Stuttgart - Dass die Markthalle ein Juwel ist, steht heute außer Frage. Oberbürgermeister Fritz Kuhn formulierte am Freitag beim Festakt zu ihrem 100-jährigen Bestehen auch gleich die goldene Regel für den Handel angesichts der zunehmenden Konkurrenz durch Malls und Internetshopping. „Wenn wir attraktive Geschäfte in der Innenstadt haben, kommen die Leute auch“, betonte Kuhn. „Ich empfehle gucken und kaufen“, so der OB über das Angebot der Markthalle.

Zwei Weltkriege, mehrere Brände, die Konkurrenz durch andere Märkte sowie den Großmarkt und vor allem die Abriss-und Umnutzungspläne in den 1970er Jahren hat sie überstanden, „weil man immer mit der Zeit gegangen ist“, schloss Axel Heger, der Geschäftsführer der Märkte Stuttgart, seinen Rückblick. Er dankte allen, die sich dafür engagiert haben, dass die Markthalle heute als Baudenkmal des Jugendstils und als „wahres Schlaraffenland“ eine herausragende Bedeutung hat. „Sie ist weltoffen und zugleich Heimat“, sagte Heger.

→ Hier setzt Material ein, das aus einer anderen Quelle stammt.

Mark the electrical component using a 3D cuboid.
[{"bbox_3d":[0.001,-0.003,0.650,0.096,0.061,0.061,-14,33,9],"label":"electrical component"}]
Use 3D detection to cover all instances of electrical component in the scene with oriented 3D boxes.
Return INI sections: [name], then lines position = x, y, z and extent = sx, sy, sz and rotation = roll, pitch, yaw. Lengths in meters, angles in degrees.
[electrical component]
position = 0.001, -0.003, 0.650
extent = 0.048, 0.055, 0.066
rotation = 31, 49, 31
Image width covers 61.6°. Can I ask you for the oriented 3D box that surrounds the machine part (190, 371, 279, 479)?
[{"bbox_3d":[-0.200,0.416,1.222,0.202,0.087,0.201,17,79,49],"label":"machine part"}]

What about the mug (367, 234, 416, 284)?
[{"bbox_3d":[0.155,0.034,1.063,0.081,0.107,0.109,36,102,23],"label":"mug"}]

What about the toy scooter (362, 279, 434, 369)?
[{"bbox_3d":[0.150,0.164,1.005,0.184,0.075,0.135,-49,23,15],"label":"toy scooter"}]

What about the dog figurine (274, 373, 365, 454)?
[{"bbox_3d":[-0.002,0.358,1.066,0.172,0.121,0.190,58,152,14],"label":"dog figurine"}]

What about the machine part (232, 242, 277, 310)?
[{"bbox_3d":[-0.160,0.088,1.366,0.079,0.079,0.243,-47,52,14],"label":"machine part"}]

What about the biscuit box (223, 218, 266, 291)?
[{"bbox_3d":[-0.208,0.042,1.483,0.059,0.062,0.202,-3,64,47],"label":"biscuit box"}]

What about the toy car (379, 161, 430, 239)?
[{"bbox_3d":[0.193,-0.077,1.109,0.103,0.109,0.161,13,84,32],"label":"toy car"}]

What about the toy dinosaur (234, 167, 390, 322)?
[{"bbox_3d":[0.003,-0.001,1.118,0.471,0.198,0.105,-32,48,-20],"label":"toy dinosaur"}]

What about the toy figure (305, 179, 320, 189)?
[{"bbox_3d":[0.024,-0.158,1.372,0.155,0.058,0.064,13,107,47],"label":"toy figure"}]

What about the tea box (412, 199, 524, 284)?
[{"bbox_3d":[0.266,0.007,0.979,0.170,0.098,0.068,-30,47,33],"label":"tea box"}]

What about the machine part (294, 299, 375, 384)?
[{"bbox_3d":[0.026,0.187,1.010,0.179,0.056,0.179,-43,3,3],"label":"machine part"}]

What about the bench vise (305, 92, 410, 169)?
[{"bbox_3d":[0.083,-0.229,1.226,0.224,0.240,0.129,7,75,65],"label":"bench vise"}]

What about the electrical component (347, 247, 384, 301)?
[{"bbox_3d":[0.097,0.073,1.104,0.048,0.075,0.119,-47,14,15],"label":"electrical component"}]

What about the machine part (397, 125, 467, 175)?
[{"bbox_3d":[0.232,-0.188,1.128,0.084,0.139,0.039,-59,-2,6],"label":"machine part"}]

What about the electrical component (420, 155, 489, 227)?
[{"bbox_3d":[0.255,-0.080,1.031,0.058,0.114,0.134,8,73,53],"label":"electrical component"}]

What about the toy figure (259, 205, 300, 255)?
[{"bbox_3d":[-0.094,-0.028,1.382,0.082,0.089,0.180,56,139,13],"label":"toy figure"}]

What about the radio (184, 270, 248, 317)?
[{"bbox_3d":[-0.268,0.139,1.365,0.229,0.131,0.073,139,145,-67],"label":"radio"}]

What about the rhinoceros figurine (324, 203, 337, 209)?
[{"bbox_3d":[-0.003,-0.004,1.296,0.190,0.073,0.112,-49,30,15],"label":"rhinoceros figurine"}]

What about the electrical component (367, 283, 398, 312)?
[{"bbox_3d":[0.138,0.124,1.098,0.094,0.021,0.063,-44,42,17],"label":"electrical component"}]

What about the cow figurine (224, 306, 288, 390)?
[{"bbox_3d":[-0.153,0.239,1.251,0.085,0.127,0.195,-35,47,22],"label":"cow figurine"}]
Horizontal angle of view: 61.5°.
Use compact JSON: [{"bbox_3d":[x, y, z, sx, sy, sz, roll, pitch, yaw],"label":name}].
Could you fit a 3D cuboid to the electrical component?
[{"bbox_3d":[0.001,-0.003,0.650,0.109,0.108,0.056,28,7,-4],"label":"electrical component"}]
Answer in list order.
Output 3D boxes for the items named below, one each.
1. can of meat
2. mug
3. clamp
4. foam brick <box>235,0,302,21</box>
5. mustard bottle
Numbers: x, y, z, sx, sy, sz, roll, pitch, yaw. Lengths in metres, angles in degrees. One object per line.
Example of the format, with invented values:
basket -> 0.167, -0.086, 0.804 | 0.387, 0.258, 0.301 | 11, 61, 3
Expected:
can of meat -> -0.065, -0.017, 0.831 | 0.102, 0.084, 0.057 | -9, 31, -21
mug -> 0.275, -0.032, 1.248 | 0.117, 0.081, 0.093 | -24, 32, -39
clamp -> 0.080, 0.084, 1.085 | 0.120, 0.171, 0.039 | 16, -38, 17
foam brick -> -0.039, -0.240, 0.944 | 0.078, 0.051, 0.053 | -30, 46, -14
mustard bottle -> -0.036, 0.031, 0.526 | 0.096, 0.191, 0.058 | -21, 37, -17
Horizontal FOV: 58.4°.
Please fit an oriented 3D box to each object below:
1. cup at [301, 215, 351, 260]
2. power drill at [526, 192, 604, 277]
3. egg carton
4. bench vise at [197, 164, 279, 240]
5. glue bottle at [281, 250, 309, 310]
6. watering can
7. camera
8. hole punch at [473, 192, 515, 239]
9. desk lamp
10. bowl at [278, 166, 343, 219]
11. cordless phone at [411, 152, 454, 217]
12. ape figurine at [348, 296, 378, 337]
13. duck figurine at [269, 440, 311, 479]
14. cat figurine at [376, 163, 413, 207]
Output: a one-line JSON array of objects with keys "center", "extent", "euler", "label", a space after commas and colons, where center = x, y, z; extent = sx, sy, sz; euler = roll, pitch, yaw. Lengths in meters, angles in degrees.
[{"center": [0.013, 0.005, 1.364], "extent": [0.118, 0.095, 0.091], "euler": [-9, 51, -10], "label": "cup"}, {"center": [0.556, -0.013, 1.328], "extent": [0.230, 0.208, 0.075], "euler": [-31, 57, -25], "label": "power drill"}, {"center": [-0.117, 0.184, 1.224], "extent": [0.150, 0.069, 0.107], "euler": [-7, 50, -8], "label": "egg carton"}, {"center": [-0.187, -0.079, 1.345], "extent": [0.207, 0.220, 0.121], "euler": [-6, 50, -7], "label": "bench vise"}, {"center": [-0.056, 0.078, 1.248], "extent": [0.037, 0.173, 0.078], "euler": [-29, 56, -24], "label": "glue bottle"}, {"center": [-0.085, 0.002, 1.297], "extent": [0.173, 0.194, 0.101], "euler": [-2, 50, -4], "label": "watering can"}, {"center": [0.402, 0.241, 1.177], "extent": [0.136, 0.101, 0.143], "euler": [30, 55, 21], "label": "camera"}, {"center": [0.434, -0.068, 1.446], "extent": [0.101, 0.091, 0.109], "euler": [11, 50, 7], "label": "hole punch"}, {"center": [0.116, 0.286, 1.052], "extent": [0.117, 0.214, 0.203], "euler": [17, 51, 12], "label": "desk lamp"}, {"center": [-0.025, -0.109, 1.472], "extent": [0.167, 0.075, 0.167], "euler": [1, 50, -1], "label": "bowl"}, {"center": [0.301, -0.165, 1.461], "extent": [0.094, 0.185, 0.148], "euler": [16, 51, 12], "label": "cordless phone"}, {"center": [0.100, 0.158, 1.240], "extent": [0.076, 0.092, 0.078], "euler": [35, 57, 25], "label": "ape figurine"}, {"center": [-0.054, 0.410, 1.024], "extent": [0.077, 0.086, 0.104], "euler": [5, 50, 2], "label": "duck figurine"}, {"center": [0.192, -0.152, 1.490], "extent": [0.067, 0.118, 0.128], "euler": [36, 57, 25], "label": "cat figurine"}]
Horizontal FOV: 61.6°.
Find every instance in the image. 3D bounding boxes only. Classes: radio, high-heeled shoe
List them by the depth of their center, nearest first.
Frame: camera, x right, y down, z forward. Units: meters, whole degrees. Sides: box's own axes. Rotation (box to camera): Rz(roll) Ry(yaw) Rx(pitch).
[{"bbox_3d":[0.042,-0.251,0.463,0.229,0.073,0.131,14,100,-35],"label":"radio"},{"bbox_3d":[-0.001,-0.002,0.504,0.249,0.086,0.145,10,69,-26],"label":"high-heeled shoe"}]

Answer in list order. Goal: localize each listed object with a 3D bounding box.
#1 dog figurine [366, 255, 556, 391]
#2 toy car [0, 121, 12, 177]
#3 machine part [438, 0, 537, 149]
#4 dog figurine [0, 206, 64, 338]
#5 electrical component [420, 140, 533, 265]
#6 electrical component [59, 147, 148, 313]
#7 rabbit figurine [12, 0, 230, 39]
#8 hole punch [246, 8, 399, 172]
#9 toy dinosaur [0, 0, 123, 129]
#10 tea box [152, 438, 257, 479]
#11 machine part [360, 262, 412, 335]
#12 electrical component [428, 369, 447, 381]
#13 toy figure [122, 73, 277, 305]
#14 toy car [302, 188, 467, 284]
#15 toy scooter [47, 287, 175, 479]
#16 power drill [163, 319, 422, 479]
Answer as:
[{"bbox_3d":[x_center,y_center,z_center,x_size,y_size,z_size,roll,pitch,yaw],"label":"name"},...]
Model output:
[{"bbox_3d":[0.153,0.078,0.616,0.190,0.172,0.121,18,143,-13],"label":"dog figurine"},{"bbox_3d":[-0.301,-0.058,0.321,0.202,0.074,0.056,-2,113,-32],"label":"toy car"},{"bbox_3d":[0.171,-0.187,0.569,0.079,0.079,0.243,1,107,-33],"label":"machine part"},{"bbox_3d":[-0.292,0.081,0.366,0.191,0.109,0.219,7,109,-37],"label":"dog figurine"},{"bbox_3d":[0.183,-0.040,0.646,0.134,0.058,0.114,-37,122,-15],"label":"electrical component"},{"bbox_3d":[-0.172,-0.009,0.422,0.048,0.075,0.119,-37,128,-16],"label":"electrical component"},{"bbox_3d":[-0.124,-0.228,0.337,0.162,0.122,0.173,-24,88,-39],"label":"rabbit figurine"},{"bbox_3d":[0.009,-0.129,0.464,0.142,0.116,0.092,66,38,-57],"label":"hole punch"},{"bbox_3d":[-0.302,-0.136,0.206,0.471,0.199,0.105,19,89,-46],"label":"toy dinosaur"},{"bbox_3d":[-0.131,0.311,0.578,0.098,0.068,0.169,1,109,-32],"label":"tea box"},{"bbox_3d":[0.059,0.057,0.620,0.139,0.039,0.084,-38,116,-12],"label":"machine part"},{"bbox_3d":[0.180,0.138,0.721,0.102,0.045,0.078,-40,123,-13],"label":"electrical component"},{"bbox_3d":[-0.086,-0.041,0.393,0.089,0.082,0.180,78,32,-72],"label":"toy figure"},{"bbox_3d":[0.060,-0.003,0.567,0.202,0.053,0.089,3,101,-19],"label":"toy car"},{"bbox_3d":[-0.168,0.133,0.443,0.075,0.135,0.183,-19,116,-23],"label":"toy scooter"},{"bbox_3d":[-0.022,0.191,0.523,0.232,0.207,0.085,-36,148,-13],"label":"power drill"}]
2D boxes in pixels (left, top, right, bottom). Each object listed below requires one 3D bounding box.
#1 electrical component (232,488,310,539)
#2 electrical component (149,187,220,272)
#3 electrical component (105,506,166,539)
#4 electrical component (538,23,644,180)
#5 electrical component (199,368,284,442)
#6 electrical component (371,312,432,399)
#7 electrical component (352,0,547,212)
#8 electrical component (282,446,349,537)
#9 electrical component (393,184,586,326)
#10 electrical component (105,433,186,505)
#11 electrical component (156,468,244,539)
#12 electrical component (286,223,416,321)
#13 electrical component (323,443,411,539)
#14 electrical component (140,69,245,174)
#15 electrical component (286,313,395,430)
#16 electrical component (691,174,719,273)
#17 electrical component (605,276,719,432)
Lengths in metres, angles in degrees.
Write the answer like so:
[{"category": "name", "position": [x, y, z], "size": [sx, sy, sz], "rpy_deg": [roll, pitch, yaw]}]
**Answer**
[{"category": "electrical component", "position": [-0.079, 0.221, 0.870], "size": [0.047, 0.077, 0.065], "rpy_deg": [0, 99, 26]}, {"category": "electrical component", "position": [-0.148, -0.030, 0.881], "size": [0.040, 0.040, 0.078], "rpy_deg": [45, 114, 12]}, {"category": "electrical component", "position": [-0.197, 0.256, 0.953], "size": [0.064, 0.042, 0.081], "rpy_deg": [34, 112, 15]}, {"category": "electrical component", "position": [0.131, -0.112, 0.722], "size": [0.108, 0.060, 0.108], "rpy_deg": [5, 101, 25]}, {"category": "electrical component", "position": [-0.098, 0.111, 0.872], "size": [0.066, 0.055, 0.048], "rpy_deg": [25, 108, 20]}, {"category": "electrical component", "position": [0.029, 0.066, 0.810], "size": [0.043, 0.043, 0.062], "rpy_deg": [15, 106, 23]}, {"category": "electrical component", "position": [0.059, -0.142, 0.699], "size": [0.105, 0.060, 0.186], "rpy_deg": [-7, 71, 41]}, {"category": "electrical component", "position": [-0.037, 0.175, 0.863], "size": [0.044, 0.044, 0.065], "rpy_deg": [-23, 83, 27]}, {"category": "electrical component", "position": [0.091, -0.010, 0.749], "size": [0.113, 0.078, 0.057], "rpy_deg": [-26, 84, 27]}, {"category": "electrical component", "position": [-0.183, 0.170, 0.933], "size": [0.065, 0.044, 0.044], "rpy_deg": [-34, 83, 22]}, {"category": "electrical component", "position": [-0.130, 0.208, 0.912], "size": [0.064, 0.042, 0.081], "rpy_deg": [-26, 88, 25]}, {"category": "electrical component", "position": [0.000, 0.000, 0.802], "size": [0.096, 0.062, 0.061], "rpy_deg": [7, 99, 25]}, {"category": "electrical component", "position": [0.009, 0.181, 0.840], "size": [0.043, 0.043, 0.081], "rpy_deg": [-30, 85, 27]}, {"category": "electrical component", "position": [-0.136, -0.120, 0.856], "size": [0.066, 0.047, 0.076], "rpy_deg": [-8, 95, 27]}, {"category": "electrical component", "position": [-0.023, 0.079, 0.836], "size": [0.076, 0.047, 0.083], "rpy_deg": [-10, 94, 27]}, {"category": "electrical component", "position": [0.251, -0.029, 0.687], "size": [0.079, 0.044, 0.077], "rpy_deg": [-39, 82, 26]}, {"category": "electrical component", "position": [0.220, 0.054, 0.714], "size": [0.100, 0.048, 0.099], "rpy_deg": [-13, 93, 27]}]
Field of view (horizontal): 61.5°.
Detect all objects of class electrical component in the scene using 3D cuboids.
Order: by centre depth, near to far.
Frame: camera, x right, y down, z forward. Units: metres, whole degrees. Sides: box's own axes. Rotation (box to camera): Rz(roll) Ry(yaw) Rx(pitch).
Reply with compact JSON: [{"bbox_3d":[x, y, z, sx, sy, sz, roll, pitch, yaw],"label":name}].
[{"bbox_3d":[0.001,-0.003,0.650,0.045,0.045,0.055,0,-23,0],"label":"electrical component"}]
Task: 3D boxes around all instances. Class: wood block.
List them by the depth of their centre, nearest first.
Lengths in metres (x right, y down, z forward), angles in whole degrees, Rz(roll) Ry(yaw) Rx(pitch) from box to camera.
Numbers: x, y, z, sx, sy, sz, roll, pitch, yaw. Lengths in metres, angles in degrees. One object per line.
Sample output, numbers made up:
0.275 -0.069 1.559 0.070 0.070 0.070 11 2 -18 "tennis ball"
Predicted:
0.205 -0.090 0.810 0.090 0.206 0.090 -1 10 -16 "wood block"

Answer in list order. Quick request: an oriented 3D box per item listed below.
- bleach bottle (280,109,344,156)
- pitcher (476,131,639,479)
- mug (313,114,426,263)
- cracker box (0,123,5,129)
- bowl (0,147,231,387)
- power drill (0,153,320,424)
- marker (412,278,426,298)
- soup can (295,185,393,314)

Schon von Anfang an war das Gebäude nicht als reine Markthalle konzipiert, sondern als Verkaufshalle mit exklusivem Charakter, in der es auch Kolonialwaren zu kaufen gab. Vor 20 Jahren hätten Dorothee Merz und Martin Benzing mit ihrem Geschäft auf der Empore dieses Flair zurückgebracht, sagte Heger. Herbert Medek, zuständig für den Denkmalschutz bei der Stadt, hob den kommunikativen Aspekt der Halle hervor: „Man trifft sich zum Gläschen Prosecco am Fuß der Treppe.“ Unter den 4500 Kulturdenkmälern in Stuttgart sei die Markthalle der Favorit, denn „Liebe geht durch den Magen“, so Medek. Der Denkmalschutzexperte berichtete von seinen Kindheitserinnerungen an die Markthalle: „Hier gab es immer was Süßes.“

„Die Händler waren eher wortkarg“

Zum zehnten Geburtstag der Markthalle war eine Festschrift erschienen. In dieser brachte der Autor noch seine Verwunderung zum Ausdruck, dass es hier zugehe wie in einem „Bienenstock“, dass es „Fleisch und Milch in Dosen gebe“ und dass eine unglaubliche Farbenvielfalt herrsche – und Medek zitierte weiter aus dem Dokument: „Die Händler waren eher wortkarg.“ Das Treiben hatte mit der Eröffnung des Großmarktes in Wangen 1957 ein Ende. Außerdem wurden die Händler von der Empore vertrieben. Im Inneren wurde es dunkel, unwirtlich und unattraktiv. „Die Halle wurde trist und die Leute blieben weg“, schilderte Medek den Ausgangspunkt für die Abrissdiskussion in den 1970er Jahren.

Heute ist die Markthalle das Eldorado für Hobbyköche. Auch der OB plauderte aus dem Nähkästchen: „Wenn man was vom Kochen versteht, weiß man, dass die Zutaten von hervorragender Qualität sein müssen“, sagte Kuhn und fügte begeistert hinzu, dass der Kunde hier auch gleich noch etwas über die Produkte selbst erfahren könne. Die Besucher können sie am Samstag unter den Arkaden auf der Gourmetmeile der Markthallenhändler selbst testen, und die Betreibergesellschaft Märkte Stuttgart lädt am Samstag zum kulinarischen Frühschoppen und zur Hocketse mit Musik ein, dazu gibt es eine gut gefüllte Jubiläumstasche. Im Rathaus ist bis zum 11. September in einer Ausstellung die Geschichte der Markthalle dokumentiert. Die Festschrift kann im Internet bestellt werden unter www.markthalle-stuttgart.de.